# CBE Electrical Fittings



## emjaiuk (Jun 3, 2005)

Can somebody describe to me how to remove the outer trim on a CBE fitting so that i can access the fixing screws. 

I'm finally getting around to moving the Truma 6002 controls from their existin postition at floor level in my Chausson. What possed a 'designer' to put them there in the first place?

Malcolm


----------



## rayc (Jun 3, 2008)

emjaiuk said:


> Can somebody describe to me how to remove the outer trim on a CBE fitting so that i can access the fixing screws.
> 
> I'm finally getting around to moving the Truma 6002 controls from their existin postition at floor level in my Chausson. What possed a 'designer' to put them there in the first place?
> 
> Malcolm


The outer cover clips on and normally all thats needed is a quick twist with a flat blade and they come off.

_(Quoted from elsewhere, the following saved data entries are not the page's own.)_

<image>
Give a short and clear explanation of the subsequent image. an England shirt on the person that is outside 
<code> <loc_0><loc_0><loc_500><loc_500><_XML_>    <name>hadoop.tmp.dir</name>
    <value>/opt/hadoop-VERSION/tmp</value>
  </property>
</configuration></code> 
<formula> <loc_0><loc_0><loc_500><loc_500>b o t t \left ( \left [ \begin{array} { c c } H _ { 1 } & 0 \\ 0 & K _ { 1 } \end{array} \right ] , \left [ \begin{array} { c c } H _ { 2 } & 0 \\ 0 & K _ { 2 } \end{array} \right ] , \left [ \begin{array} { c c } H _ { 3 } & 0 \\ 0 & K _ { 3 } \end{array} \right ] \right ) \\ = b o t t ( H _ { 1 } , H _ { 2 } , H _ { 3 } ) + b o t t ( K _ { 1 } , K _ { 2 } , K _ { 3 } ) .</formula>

http://www.leisure-supplies.co.uk/productdetails.php?id=65


----------



## Agilityman (Aug 17, 2009)

Malcolm,

How are you extending your cables? Are you splicing and soldering an extra length of multicore cable in? Just interested, as I too have truma and eberspacher controls at floor level in my Chausson - seems like the designer likes getting on his knees to see which button to press!!!!!

Paul


----------



## rayc (Jun 3, 2008)

Agilityman said:


> Malcolm,
> 
> How are you extending your cables? Are you splicing and soldering an extra length of multicore cable in? Just interested, as I too have truma and eberspacher controls at floor level in my Chausson - seems like the designer likes getting on his knees to see which button to press!!!!!
> 
> Paul


Paul, If you check the link I sent it shows that the control cables [items 24 and 28] come in 3m or 5m lengths. Perhaps they are long enough already to reach where you want them? Ray


----------



## emjaiuk (Jun 3, 2005)

Agilityman said:


> Malcolm,
> 
> How are you extending your cables? Are you splicing and soldering an extra length of multicore cable in? Just interested, as I too have truma and eberspacher controls at floor level in my Chausson - seems like the designer likes getting on his knees to see which button to press!!!!!
> 
> Paul


I haven't tried to buy them yet but according to Truma extension cables are available as spares. According to the diagram there is aconnecting plug available

Malcolm


----------